My visit to the Jewish museums contrasted sharply with my updated understanding of the “differences” between “us” and “them”.  The tragedy of WWII needs no further explanation; this much I’ve felt since hearing the stories of my grandparents as a young child.  However, this time around, I started feeling the ultimate tragedy of neighbor turning against neighbor, seeing the rise of Austrian Fascism and open antisemitism in the Viennese streets, the press and in politics during the 1930s as the truest betrayal of what it means to live in a world-class city.  These events are thoroughly documented in the first floor of the Jewish museum.  I knew I would be quite upset after reading all of the details.  I was looking for a docent.  I was hoping the person at the information desk would want to have a conversation after.  Unfortunately, this moment in Vienna, I was alone.  When I reached the top floor of the museum, it seems that they decided to make this room a glass enclosed storage space for all of the pieces of collected Judaica from Vienna and perhaps all of Austria.  This is, after all, the only Jewish museum in all of Austria.  While I believe the intention was to showcase the collection, to me it was a ghastly display of a completely lost culture.  Without explanations into how any of the items were obtained or why they are here and not donated to actual Jewish communities (we are not all dead), I did not see what purpose this display served.  I thought that if the intention would have been to make a statement about the large size of the lost Jewish community, the display could have been redirected to focus on the sheer number of items collected and how the items represent the lost homes, community buildings and synagogues.  However, there was no direction here.  This was just a bunch of glass case with Shabbat candles, menorahs, Torah yads, Torah ornaments… all of the things you would see in a Jewish home or synagogue.  Without more of purpose behind this collection, I believe these items should be donated to synagogues around the world for usage.  We are not dead, they do not need to be in an air-conditioned display case.  Let the survivors bring these objects back to life.

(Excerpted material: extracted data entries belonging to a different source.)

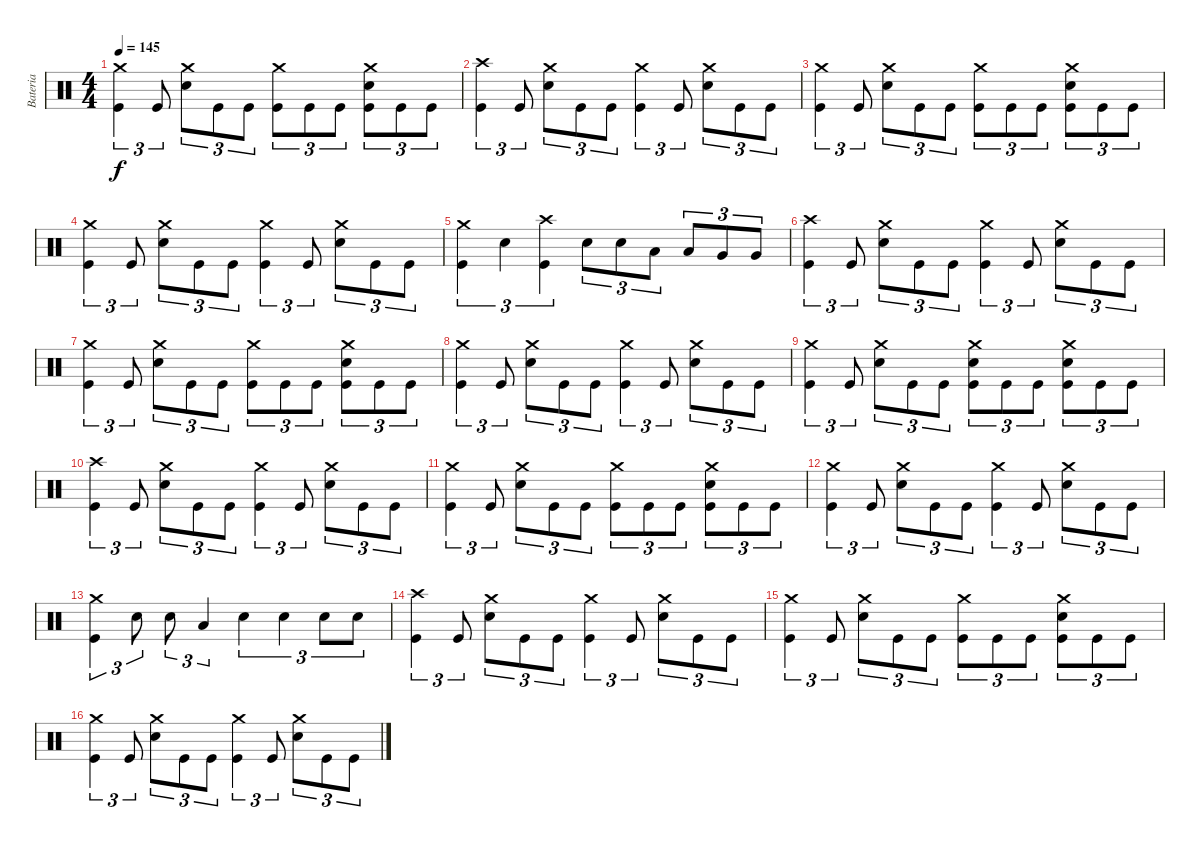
\track ("Bateria" "Bateria") {instrument percussion}
\staff {score}
\articulation defaults
\ts (4 4)
\tempo 145
\clef neutral
\ks c
("Crash medium (hit)" "Kick (hit)").4{tu (3 2) dy f} "Kick (hit)".8{tu (3 2)} ("Crash medium (hit)" "Snare (hit) 2").8{tu (3 2)} "Kick (hit)".8{tu (3 2)} "Kick (hit)".8{tu (3 2)} ("Crash medium (hit)" "Kick (hit)").8{tu (3 2)} "Kick (hit)".8{tu (3 2)} "Kick (hit)".8{tu (3 2)} ("Crash medium (hit)" "Snare (hit) 2" "Kick (hit)").8{tu (3 2)} "Kick (hit)".8{tu (3 2)} "Kick (hit)".8{tu (3 2)} |
("Crash high (hit)" "Kick (hit)").4{tu (3 2)} "Kick (hit)".8{tu (3 2)} ("Crash medium (hit)" "Snare (hit) 2").8{tu (3 2)} "Kick (hit)".8{tu (3 2)} "Kick (hit)".8{tu (3 2)} ("Crash medium (hit)" "Kick (hit)").4{tu (3 2)} "Kick (hit)".8{tu (3 2)} ("Crash medium (hit)" "Snare (hit) 2").8{tu (3 2)} "Kick (hit)".8{tu (3 2)} "Kick (hit)".8{tu (3 2)} |
("Crash medium (hit)" "Kick (hit)").4{tu (3 2)} "Kick (hit)".8{tu (3 2)} ("Crash medium (hit)" "Snare (hit) 2").8{tu (3 2)} "Kick (hit)".8{tu (3 2)} "Kick (hit)".8{tu (3 2)} ("Crash medium (hit)" "Kick (hit)").8{tu (3 2)} "Kick (hit)".8{tu (3 2)} "Kick (hit)".8{tu (3 2)} ("Crash medium (hit)" "Snare (hit) 2" "Kick (hit)").8{tu (3 2)} "Kick (hit)".8{tu (3 2)} "Kick (hit)".8{tu (3 2)} |
("Crash medium (hit)" "Kick (hit)").4{tu (3 2)} "Kick (hit)".8{tu (3 2)} ("Crash medium (hit)" "Snare (hit) 2").8{tu (3 2)} "Kick (hit)".8{tu (3 2)} "Kick (hit)".8{tu (3 2)} ("Crash medium (hit)" "Kick (hit)").4{tu (3 2)} "Kick (hit)".8{tu (3 2)} ("Crash medium (hit)" "Snare (hit) 2").8{tu (3 2)} "Kick (hit)".8{tu (3 2)} "Kick (hit)".8{tu (3 2)} |
("Crash medium (hit)" "Kick (hit)").4{tu (3 2)} "Snare (hit) 2".4{tu (3 2)} ("Crash high (hit)" "Kick (hit)").4{tu (3 2)} "Snare (hit) 2".8{tu (3 2)} "Snare (hit) 2".8{tu (3 2)} "Low Tom (hit)".8{tu (3 2)} "Low Tom (hit)".8{tu (3 2)} "Very Low Tom (hit)".8{tu (3 2)} "Very Low Tom (hit)".8{tu (3 2)} |
("Crash high (hit)" "Kick (hit)").4{tu (3 2)} "Kick (hit)".8{tu (3 2)} ("Crash medium (hit)" "Snare (hit) 2").8{tu (3 2)} "Kick (hit)".8{tu (3 2)} "Kick (hit)".8{tu (3 2)} ("Crash medium (hit)" "Kick (hit)").4{tu (3 2)} "Kick (hit)".8{tu (3 2)} ("Crash medium (hit)" "Snare (hit) 2").8{tu (3 2)} "Kick (hit)".8{tu (3 2)} "Kick (hit)".8{tu (3 2)} |
("Crash medium (hit)" "Kick (hit)").4{tu (3 2)} "Kick (hit)".8{tu (3 2)} ("Crash medium (hit)" "Snare (hit) 2").8{tu (3 2)} "Kick (hit)".8{tu (3 2)} "Kick (hit)".8{tu (3 2)} ("Crash medium (hit)" "Kick (hit)").8{tu (3 2)} "Kick (hit)".8{tu (3 2)} "Kick (hit)".8{tu (3 2)} ("Crash medium (hit)" "Snare (hit) 2" "Kick (hit)").8{tu (3 2)} "Kick (hit)".8{tu (3 2)} "Kick (hit)".8{tu (3 2)} |
("Crash medium (hit)" "Kick (hit)").4{tu (3 2)} "Kick (hit)".8{tu (3 2)} ("Crash medium (hit)" "Snare (hit) 2").8{tu (3 2)} "Kick (hit)".8{tu (3 2)} "Kick (hit)".8{tu (3 2)} ("Crash medium (hit)" "Kick (hit)").4{tu (3 2)} "Kick (hit)".8{tu (3 2)} ("Crash medium (hit)" "Snare (hit) 2").8{tu (3 2)} "Kick (hit)".8{tu (3 2)} "Kick (hit)".8{tu (3 2)} |
("Crash medium (hit)" "Kick (hit)").4{tu (3 2)} "Kick (hit)".8{tu (3 2)} ("Crash medium (hit)" "Snare (hit) 2").8{tu (3 2)} "Kick (hit)".8{tu (3 2)} "Kick (hit)".8{tu (3 2)} ("Crash medium (hit)" "Snare (hit) 2" "Kick (hit)").8{tu (3 2)} "Kick (hit)".8{tu (3 2)} "Kick (hit)".8{tu (3 2)} ("Crash medium (hit)" "Snare (hit) 2" "Kick (hit)").8{tu (3 2)} "Kick (hit)".8{tu (3 2)} "Kick (hit)".8{tu (3 2)} |
("Crash high (hit)" "Kick (hit)").4{tu (3 2)} "Kick (hit)".8{tu (3 2)} ("Crash medium (hit)" "Snare (hit) 2").8{tu (3 2)} "Kick (hit)".8{tu (3 2)} "Kick (hit)".8{tu (3 2)} ("Crash medium (hit)" "Kick (hit)").4{tu (3 2)} "Kick (hit)".8{tu (3 2)} ("Crash medium (hit)" "Snare (hit) 2").8{tu (3 2)} "Kick (hit)".8{tu (3 2)} "Kick (hit)".8{tu (3 2)} |
("Crash medium (hit)" "Kick (hit)").4{tu (3 2)} "Kick (hit)".8{tu (3 2)} ("Crash medium (hit)" "Snare (hit) 2").8{tu (3 2)} "Kick (hit)".8{tu (3 2)} "Kick (hit)".8{tu (3 2)} ("Crash medium (hit)" "Kick (hit)").8{tu (3 2)} "Kick (hit)".8{tu (3 2)} "Kick (hit)".8{tu (3 2)} ("Crash medium (hit)" "Snare (hit) 2" "Kick (hit)").8{tu (3 2)} "Kick (hit)".8{tu (3 2)} "Kick (hit)".8{tu (3 2)} |
("Crash medium (hit)" "Kick (hit)").4{tu (3 2)} "Kick (hit)".8{tu (3 2)} ("Crash medium (hit)" "Snare (hit) 2").8{tu (3 2)} "Kick (hit)".8{tu (3 2)} "Kick (hit)".8{tu (3 2)} ("Crash medium (hit)" "Kick (hit)").4{tu (3 2)} "Kick (hit)".8{tu (3 2)} ("Crash medium (hit)" "Snare (hit) 2").8{tu (3 2)} "Kick (hit)".8{tu (3 2)} "Kick (hit)".8{tu (3 2)} |
("Crash medium (hit)" "Kick (hit)").4{tu (3 2)} "Snare (hit) 2".8{tu (3 2)} "Snare (hit) 2".8{tu (3 2)} "Low Tom (hit)".4{tu (3 2)} "Snare (hit) 2".4{tu (3 2)} "Snare (hit) 2".4{tu (3 2)} "Snare (hit) 2".8{tu (3 2)} "Snare (hit) 2".8{tu (3 2)} |
("Crash high (hit)" "Kick (hit)").4{tu (3 2)} "Kick (hit)".8{tu (3 2)} ("Crash medium (hit)" "Snare (hit) 2").8{tu (3 2)} "Kick (hit)".8{tu (3 2)} "Kick (hit)".8{tu (3 2)} ("Crash medium (hit)" "Kick (hit)").4{tu (3 2)} "Kick (hit)".8{tu (3 2)} ("Crash medium (hit)" "Snare (hit) 2").8{tu (3 2)} "Kick (hit)".8{tu (3 2)} "Kick (hit)".8{tu (3 2)} |
("Crash medium (hit)" "Kick (hit)").4{tu (3 2)} "Kick (hit)".8{tu (3 2)} ("Crash medium (hit)" "Snare (hit) 2").8{tu (3 2)} "Kick (hit)".8{tu (3 2)} "Kick (hit)".8{tu (3 2)} ("Crash medium (hit)" "Kick (hit)").8{tu (3 2)} "Kick (hit)".8{tu (3 2)} "Kick (hit)".8{tu (3 2)} ("Crash medium (hit)" "Snare (hit) 2" "Kick (hit)").8{tu (3 2)} "Kick (hit)".8{tu (3 2)} "Kick (hit)".8{tu (3 2)} |
("Crash medium (hit)" "Kick (hit)").4{tu (3 2)} "Kick (hit)".8{tu (3 2)} ("Crash medium (hit)" "Snare (hit) 2").8{tu (3 2)} "Kick (hit)".8{tu (3 2)} "Kick (hit)".8{tu (3 2)} ("Crash medium (hit)" "Kick (hit)").4{tu (3 2)} "Kick (hit)".8{tu (3 2)} ("Crash medium (hit)" "Snare (hit) 2").8{tu (3 2)} "Kick (hit)".8{tu (3 2)} "Kick (hit)".8{tu (3 2)}

After this tragic visit, I made my way to the second Jewish museum of Vienna, which is more of a small art gallery on top of the excavated remains of the synagogue from the middle ages.  This space is around a square that is dedicated to the Jews of Austria who died in the Holocaust.  The plaza is called Judenplatz.  The memorial there is stark.  Today, people use it as a bench.  The square is filled with actual benches, by the way.  I thought this was terribly disrespectful behavior of the citizens of Vienna.  I do not expect Viennese people to walk around being sad all the time or to constantly feel guilt for the War or anything like that.  However, at a memorial site, respect the memorial.  Sit somewhere else.  It should be a way of showing that you don’t agree with what happened and that the memorial represents something sacred.  To modern day Viennese people, I don’t think they want to even consider it that much.  I think it is wrong to use a Holocaust memorial as a bench to take phone calls, especially in Vienna.

I'll leave you with this happy photo of me and Steffi.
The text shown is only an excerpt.